American College of Clinical Pharmacology
- Abbreviation: ACCP
- Formation: 1969
- Headquarters: Ashburn, Virginia
- Website: www.accp1.org

= American College of Clinical Pharmacology =

The American College of Clinical Pharmacology® (ACCP) is a national organization of clinical pharmacology healthcare professionals who seek to advance clinical pharmacology.

==History and mission==

In the 1960s, a group of physicians formulated the concept of an organization dedicated to a new branch of pharmacology that dealt with the effectiveness and safety of drugs in humans. As a result of their efforts, the American College of Clinical Pharmacology (ACCP) was founded on September 11, 1969.

The mission is to improve health by optimizing therapeutics and to provide leadership and education that enables the generation, integration and translation of scientific knowledge to optimize research, development and utilization of medication.

==Structure==

ACCP is governed by a Board of Regents elected by ACCP Members. The Board is advised by a network of ACCP committees.

==Membership==

Levels of membership in ACCP are Retired, Student, Member and Fellow (FCP). Fellowship is the organization's way of noting outstanding achievement in the discipline. Fellows require specific credentials and are recommended by their peers and reviewed by the Board of Regents.

==Publications==

The Journal of Clinical Pharmacology, published by ACCP is the main journal of the College. Clinical Pharmacology in Drug Development is another publication.

==Activities==

The College organizes a number of annual meetings and has several committees. There are special programs for students and to promote the discipline in developing countries.

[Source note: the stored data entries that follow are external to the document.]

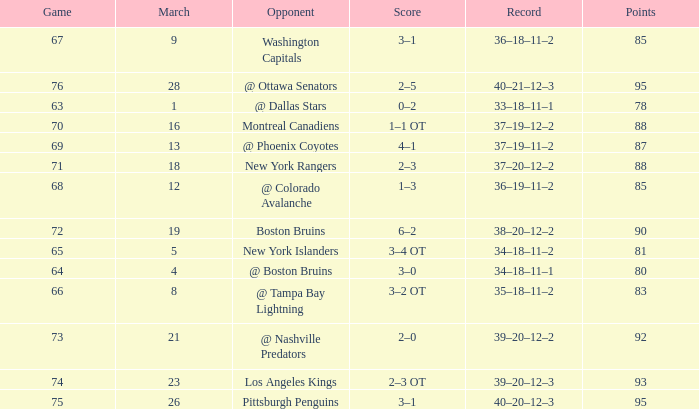Which Opponent has a Record of 38–20–12–2? Boston Bruins. 
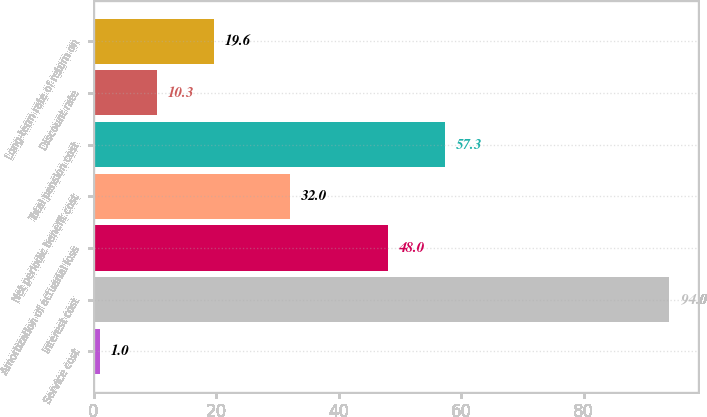Convert chart. <chart><loc_0><loc_0><loc_500><loc_500><bar_chart><fcel>Service cost<fcel>Interest cost<fcel>Amortization of actuarial loss<fcel>Net periodic benefit cost<fcel>Total pension cost<fcel>Discount rate<fcel>Long-term rate of return on<nl><fcel>1<fcel>94<fcel>48<fcel>32<fcel>57.3<fcel>10.3<fcel>19.6<nl></chart> 
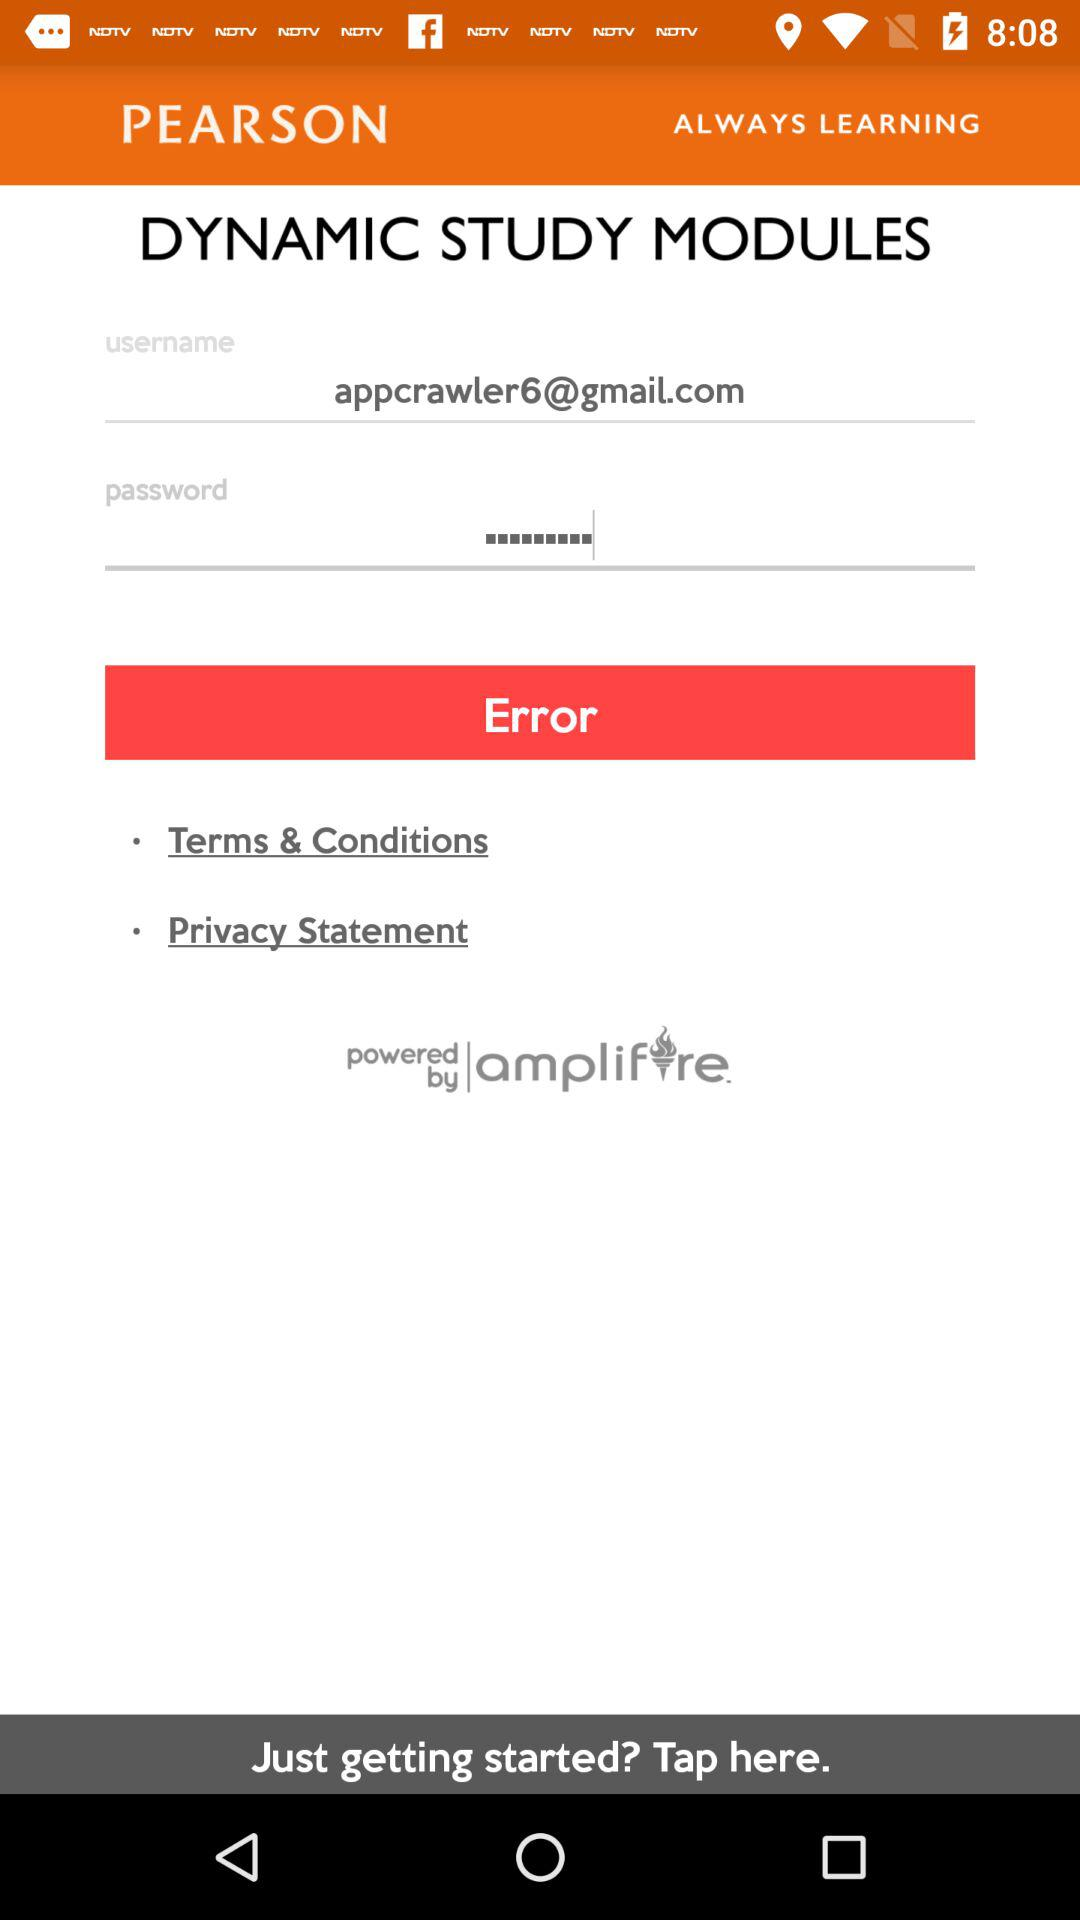What is the name of the application? The name of the application is "DYNAMIC STUDY MODULES". 
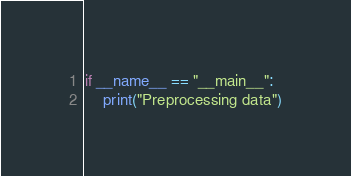<code> <loc_0><loc_0><loc_500><loc_500><_Python_>if __name__ == "__main__":
    print("Preprocessing data")


</code> 
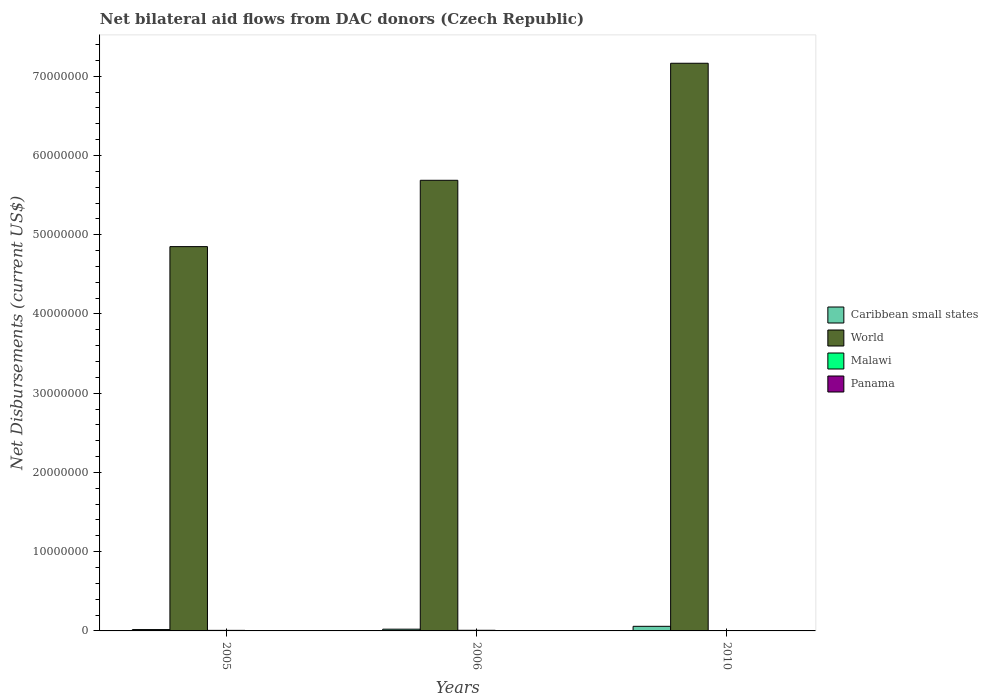How many different coloured bars are there?
Your response must be concise. 4. Are the number of bars per tick equal to the number of legend labels?
Your response must be concise. Yes. How many bars are there on the 2nd tick from the left?
Provide a short and direct response. 4. What is the label of the 2nd group of bars from the left?
Give a very brief answer. 2006. Across all years, what is the maximum net bilateral aid flows in Caribbean small states?
Make the answer very short. 5.80e+05. Across all years, what is the minimum net bilateral aid flows in Caribbean small states?
Keep it short and to the point. 1.70e+05. What is the difference between the net bilateral aid flows in Panama in 2010 and the net bilateral aid flows in World in 2006?
Your answer should be compact. -5.68e+07. What is the average net bilateral aid flows in Panama per year?
Offer a terse response. 1.67e+04. In the year 2010, what is the difference between the net bilateral aid flows in Malawi and net bilateral aid flows in World?
Keep it short and to the point. -7.16e+07. What is the ratio of the net bilateral aid flows in Panama in 2005 to that in 2006?
Keep it short and to the point. 1. Is the net bilateral aid flows in Caribbean small states in 2005 less than that in 2006?
Make the answer very short. Yes. What is the difference between the highest and the second highest net bilateral aid flows in Caribbean small states?
Provide a succinct answer. 3.60e+05. What is the difference between the highest and the lowest net bilateral aid flows in Caribbean small states?
Ensure brevity in your answer.  4.10e+05. In how many years, is the net bilateral aid flows in World greater than the average net bilateral aid flows in World taken over all years?
Ensure brevity in your answer.  1. What does the 1st bar from the left in 2006 represents?
Make the answer very short. Caribbean small states. How many bars are there?
Provide a succinct answer. 12. Are all the bars in the graph horizontal?
Ensure brevity in your answer.  No. How many years are there in the graph?
Give a very brief answer. 3. Are the values on the major ticks of Y-axis written in scientific E-notation?
Your response must be concise. No. Does the graph contain any zero values?
Your answer should be very brief. No. Where does the legend appear in the graph?
Keep it short and to the point. Center right. How many legend labels are there?
Your response must be concise. 4. How are the legend labels stacked?
Offer a very short reply. Vertical. What is the title of the graph?
Keep it short and to the point. Net bilateral aid flows from DAC donors (Czech Republic). What is the label or title of the Y-axis?
Offer a very short reply. Net Disbursements (current US$). What is the Net Disbursements (current US$) in World in 2005?
Ensure brevity in your answer.  4.85e+07. What is the Net Disbursements (current US$) in Caribbean small states in 2006?
Offer a terse response. 2.20e+05. What is the Net Disbursements (current US$) in World in 2006?
Offer a very short reply. 5.69e+07. What is the Net Disbursements (current US$) in Malawi in 2006?
Give a very brief answer. 8.00e+04. What is the Net Disbursements (current US$) of Caribbean small states in 2010?
Your response must be concise. 5.80e+05. What is the Net Disbursements (current US$) in World in 2010?
Provide a short and direct response. 7.16e+07. What is the Net Disbursements (current US$) in Malawi in 2010?
Offer a very short reply. 5.00e+04. What is the Net Disbursements (current US$) in Panama in 2010?
Your answer should be very brief. 3.00e+04. Across all years, what is the maximum Net Disbursements (current US$) in Caribbean small states?
Your answer should be compact. 5.80e+05. Across all years, what is the maximum Net Disbursements (current US$) of World?
Your answer should be very brief. 7.16e+07. Across all years, what is the maximum Net Disbursements (current US$) in Malawi?
Offer a terse response. 8.00e+04. Across all years, what is the maximum Net Disbursements (current US$) in Panama?
Your answer should be very brief. 3.00e+04. Across all years, what is the minimum Net Disbursements (current US$) of World?
Keep it short and to the point. 4.85e+07. Across all years, what is the minimum Net Disbursements (current US$) in Panama?
Make the answer very short. 10000. What is the total Net Disbursements (current US$) of Caribbean small states in the graph?
Provide a short and direct response. 9.70e+05. What is the total Net Disbursements (current US$) of World in the graph?
Ensure brevity in your answer.  1.77e+08. What is the difference between the Net Disbursements (current US$) in World in 2005 and that in 2006?
Your answer should be compact. -8.37e+06. What is the difference between the Net Disbursements (current US$) of Panama in 2005 and that in 2006?
Your answer should be compact. 0. What is the difference between the Net Disbursements (current US$) in Caribbean small states in 2005 and that in 2010?
Make the answer very short. -4.10e+05. What is the difference between the Net Disbursements (current US$) in World in 2005 and that in 2010?
Your answer should be very brief. -2.31e+07. What is the difference between the Net Disbursements (current US$) of Caribbean small states in 2006 and that in 2010?
Your answer should be compact. -3.60e+05. What is the difference between the Net Disbursements (current US$) in World in 2006 and that in 2010?
Provide a short and direct response. -1.48e+07. What is the difference between the Net Disbursements (current US$) of Malawi in 2006 and that in 2010?
Your response must be concise. 3.00e+04. What is the difference between the Net Disbursements (current US$) of Caribbean small states in 2005 and the Net Disbursements (current US$) of World in 2006?
Make the answer very short. -5.67e+07. What is the difference between the Net Disbursements (current US$) of Caribbean small states in 2005 and the Net Disbursements (current US$) of Malawi in 2006?
Give a very brief answer. 9.00e+04. What is the difference between the Net Disbursements (current US$) of Caribbean small states in 2005 and the Net Disbursements (current US$) of Panama in 2006?
Your answer should be compact. 1.60e+05. What is the difference between the Net Disbursements (current US$) of World in 2005 and the Net Disbursements (current US$) of Malawi in 2006?
Your answer should be compact. 4.84e+07. What is the difference between the Net Disbursements (current US$) of World in 2005 and the Net Disbursements (current US$) of Panama in 2006?
Keep it short and to the point. 4.85e+07. What is the difference between the Net Disbursements (current US$) in Caribbean small states in 2005 and the Net Disbursements (current US$) in World in 2010?
Ensure brevity in your answer.  -7.15e+07. What is the difference between the Net Disbursements (current US$) in Caribbean small states in 2005 and the Net Disbursements (current US$) in Panama in 2010?
Your answer should be compact. 1.40e+05. What is the difference between the Net Disbursements (current US$) of World in 2005 and the Net Disbursements (current US$) of Malawi in 2010?
Your answer should be compact. 4.84e+07. What is the difference between the Net Disbursements (current US$) of World in 2005 and the Net Disbursements (current US$) of Panama in 2010?
Offer a very short reply. 4.85e+07. What is the difference between the Net Disbursements (current US$) in Malawi in 2005 and the Net Disbursements (current US$) in Panama in 2010?
Your answer should be compact. 4.00e+04. What is the difference between the Net Disbursements (current US$) in Caribbean small states in 2006 and the Net Disbursements (current US$) in World in 2010?
Your answer should be very brief. -7.14e+07. What is the difference between the Net Disbursements (current US$) in Caribbean small states in 2006 and the Net Disbursements (current US$) in Panama in 2010?
Ensure brevity in your answer.  1.90e+05. What is the difference between the Net Disbursements (current US$) of World in 2006 and the Net Disbursements (current US$) of Malawi in 2010?
Provide a succinct answer. 5.68e+07. What is the difference between the Net Disbursements (current US$) in World in 2006 and the Net Disbursements (current US$) in Panama in 2010?
Your response must be concise. 5.68e+07. What is the average Net Disbursements (current US$) in Caribbean small states per year?
Give a very brief answer. 3.23e+05. What is the average Net Disbursements (current US$) in World per year?
Provide a short and direct response. 5.90e+07. What is the average Net Disbursements (current US$) in Malawi per year?
Your answer should be very brief. 6.67e+04. What is the average Net Disbursements (current US$) in Panama per year?
Your answer should be compact. 1.67e+04. In the year 2005, what is the difference between the Net Disbursements (current US$) of Caribbean small states and Net Disbursements (current US$) of World?
Offer a very short reply. -4.83e+07. In the year 2005, what is the difference between the Net Disbursements (current US$) in Caribbean small states and Net Disbursements (current US$) in Malawi?
Your answer should be very brief. 1.00e+05. In the year 2005, what is the difference between the Net Disbursements (current US$) in World and Net Disbursements (current US$) in Malawi?
Keep it short and to the point. 4.84e+07. In the year 2005, what is the difference between the Net Disbursements (current US$) in World and Net Disbursements (current US$) in Panama?
Your response must be concise. 4.85e+07. In the year 2005, what is the difference between the Net Disbursements (current US$) in Malawi and Net Disbursements (current US$) in Panama?
Make the answer very short. 6.00e+04. In the year 2006, what is the difference between the Net Disbursements (current US$) in Caribbean small states and Net Disbursements (current US$) in World?
Provide a short and direct response. -5.66e+07. In the year 2006, what is the difference between the Net Disbursements (current US$) of Caribbean small states and Net Disbursements (current US$) of Malawi?
Offer a terse response. 1.40e+05. In the year 2006, what is the difference between the Net Disbursements (current US$) of World and Net Disbursements (current US$) of Malawi?
Keep it short and to the point. 5.68e+07. In the year 2006, what is the difference between the Net Disbursements (current US$) of World and Net Disbursements (current US$) of Panama?
Your response must be concise. 5.69e+07. In the year 2010, what is the difference between the Net Disbursements (current US$) in Caribbean small states and Net Disbursements (current US$) in World?
Provide a succinct answer. -7.11e+07. In the year 2010, what is the difference between the Net Disbursements (current US$) of Caribbean small states and Net Disbursements (current US$) of Malawi?
Your response must be concise. 5.30e+05. In the year 2010, what is the difference between the Net Disbursements (current US$) of Caribbean small states and Net Disbursements (current US$) of Panama?
Provide a short and direct response. 5.50e+05. In the year 2010, what is the difference between the Net Disbursements (current US$) in World and Net Disbursements (current US$) in Malawi?
Your response must be concise. 7.16e+07. In the year 2010, what is the difference between the Net Disbursements (current US$) of World and Net Disbursements (current US$) of Panama?
Offer a terse response. 7.16e+07. In the year 2010, what is the difference between the Net Disbursements (current US$) of Malawi and Net Disbursements (current US$) of Panama?
Offer a very short reply. 2.00e+04. What is the ratio of the Net Disbursements (current US$) of Caribbean small states in 2005 to that in 2006?
Offer a terse response. 0.77. What is the ratio of the Net Disbursements (current US$) in World in 2005 to that in 2006?
Make the answer very short. 0.85. What is the ratio of the Net Disbursements (current US$) in Malawi in 2005 to that in 2006?
Offer a terse response. 0.88. What is the ratio of the Net Disbursements (current US$) of Caribbean small states in 2005 to that in 2010?
Offer a terse response. 0.29. What is the ratio of the Net Disbursements (current US$) of World in 2005 to that in 2010?
Make the answer very short. 0.68. What is the ratio of the Net Disbursements (current US$) of Panama in 2005 to that in 2010?
Offer a terse response. 0.33. What is the ratio of the Net Disbursements (current US$) in Caribbean small states in 2006 to that in 2010?
Provide a succinct answer. 0.38. What is the ratio of the Net Disbursements (current US$) in World in 2006 to that in 2010?
Offer a very short reply. 0.79. What is the ratio of the Net Disbursements (current US$) in Panama in 2006 to that in 2010?
Your answer should be compact. 0.33. What is the difference between the highest and the second highest Net Disbursements (current US$) in World?
Offer a terse response. 1.48e+07. What is the difference between the highest and the second highest Net Disbursements (current US$) in Malawi?
Offer a terse response. 10000. What is the difference between the highest and the lowest Net Disbursements (current US$) of Caribbean small states?
Keep it short and to the point. 4.10e+05. What is the difference between the highest and the lowest Net Disbursements (current US$) of World?
Ensure brevity in your answer.  2.31e+07. 
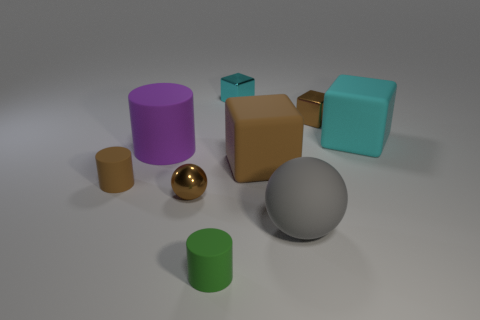Is there a tiny object that has the same color as the metal ball?
Make the answer very short. Yes. The rubber cube that is the same color as the metal ball is what size?
Offer a terse response. Large. How many other objects are there of the same size as the gray rubber object?
Provide a short and direct response. 3. Do the gray ball and the brown cylinder have the same size?
Provide a succinct answer. No. There is a large ball that is made of the same material as the big cyan object; what color is it?
Keep it short and to the point. Gray. What number of objects are metal spheres on the left side of the brown metal cube or big cyan matte things?
Provide a short and direct response. 2. There is a cyan object behind the big cyan thing; what is its size?
Make the answer very short. Small. Is the size of the gray matte ball the same as the ball behind the large gray ball?
Provide a succinct answer. No. There is a small rubber thing that is on the right side of the small brown shiny thing that is on the left side of the green rubber object; what is its color?
Your answer should be very brief. Green. How many other things are the same color as the matte ball?
Your answer should be compact. 0.

==Education and information resources==

ACCP promotes the rational use of medications in humans through research, development and regulation of medications, and education of healthcare professionals and patients on the optimal utilization of medications.

ACCP is jointly accredited by the Accreditation Council for Continuing Medical Education (ACCME), the Accreditation Council for Pharmacy Education (ACPE), and the American Nurses Credentialing Center (ANCC), to provide continuing education for the healthcare team.